What’s the Significance?
If Descartes had built a theme park, it would probably look a lot like this. But the presiding philosophy of the Laboratory for Perception is ultimately more informed by the possibilities of the future than by the past. Eagleman is fascinated by the idea that we could import the technology into human biology to enhance our sensory perception of the world, broadening and deepening our reality.

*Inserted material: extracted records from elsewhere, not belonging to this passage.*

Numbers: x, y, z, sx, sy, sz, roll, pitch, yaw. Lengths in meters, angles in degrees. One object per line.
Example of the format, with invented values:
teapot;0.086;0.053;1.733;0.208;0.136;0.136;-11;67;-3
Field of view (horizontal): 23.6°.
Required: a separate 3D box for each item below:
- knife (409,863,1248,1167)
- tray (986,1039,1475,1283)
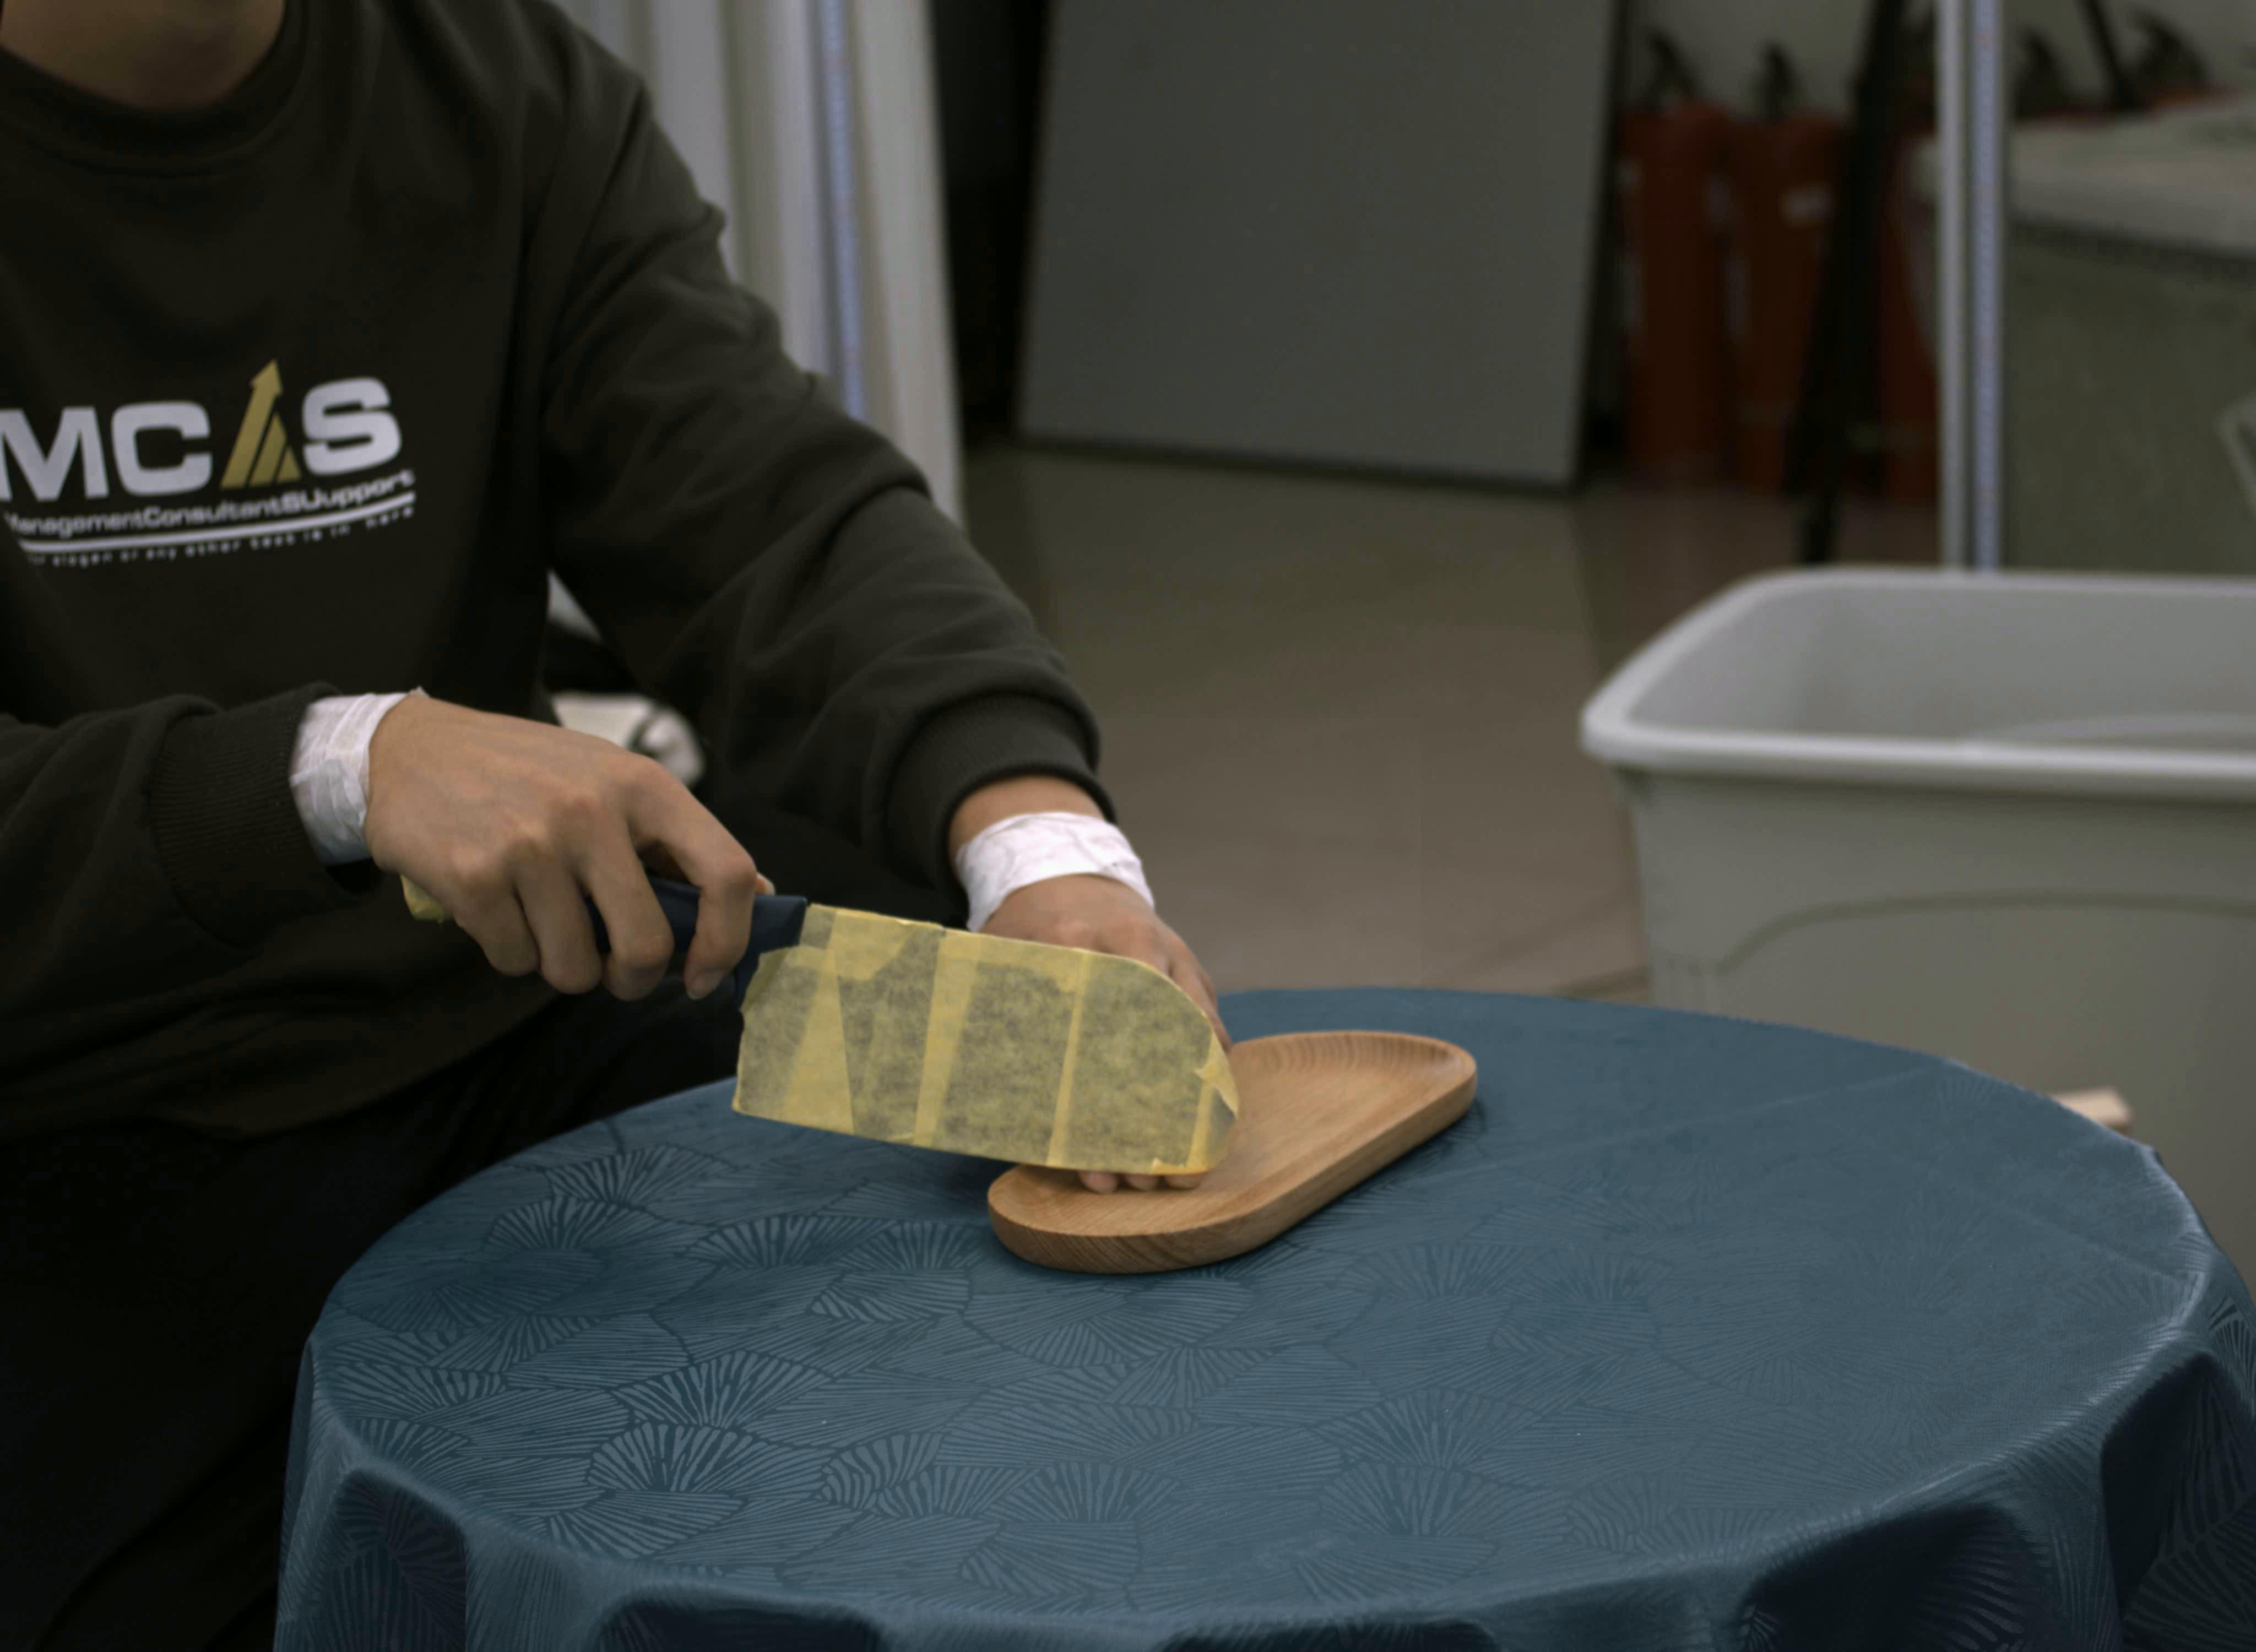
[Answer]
knife;-0.099;0.061;1.762;0.287;0.082;0.027;12;-1;9
tray;0.037;0.109;1.782;0.102;0.020;0.228;2;16;31

“As it stands now, as biological creatures, we only see a very small strip of what’s going on,” he said in a recent interview with Big Think. “Take electromagnetic radiation: there’s a little strip of that that we can see… [but] the rest of the spectrum — radio waves, television, cell phone, gamma rays, x-rays is invisible to us because we don’t have biological receptors for it. CNN is passing through your body right now and you don’t know it because you don’t have the right receptors for it.”
Eagleman and his team are currently at work on a vibratory vest that feeds sensory information into the skin rather than through other channels (for example, the eyes or ears). The technology would enable deaf people to hear by picking up on the auditory stream via a microphone. The stream becomes a matrix of vibrations on the skin, sending electrical signals to the brain that represent auditory information.
“If it sounds crazy that you would ever be able to understand all these signals through your skin, remember that all the auditory system is doing is taking signals and turning them into electrical signals in your brain,” he says. “It doesn’t matter how you get those data streams there.” In the future, other data streams could be streamed into the vest, meaning that people could walk around unconsciously perceiving the weather report.
There’s no limit to the possibilities, and nature provides neuroscientists with a constant source of inspiration: “Snakes see in the infrared range and honey bees see in the ultravnstantiolet range. There’s no reason why we can’t start building devices to see that and feed it directly into our brains.”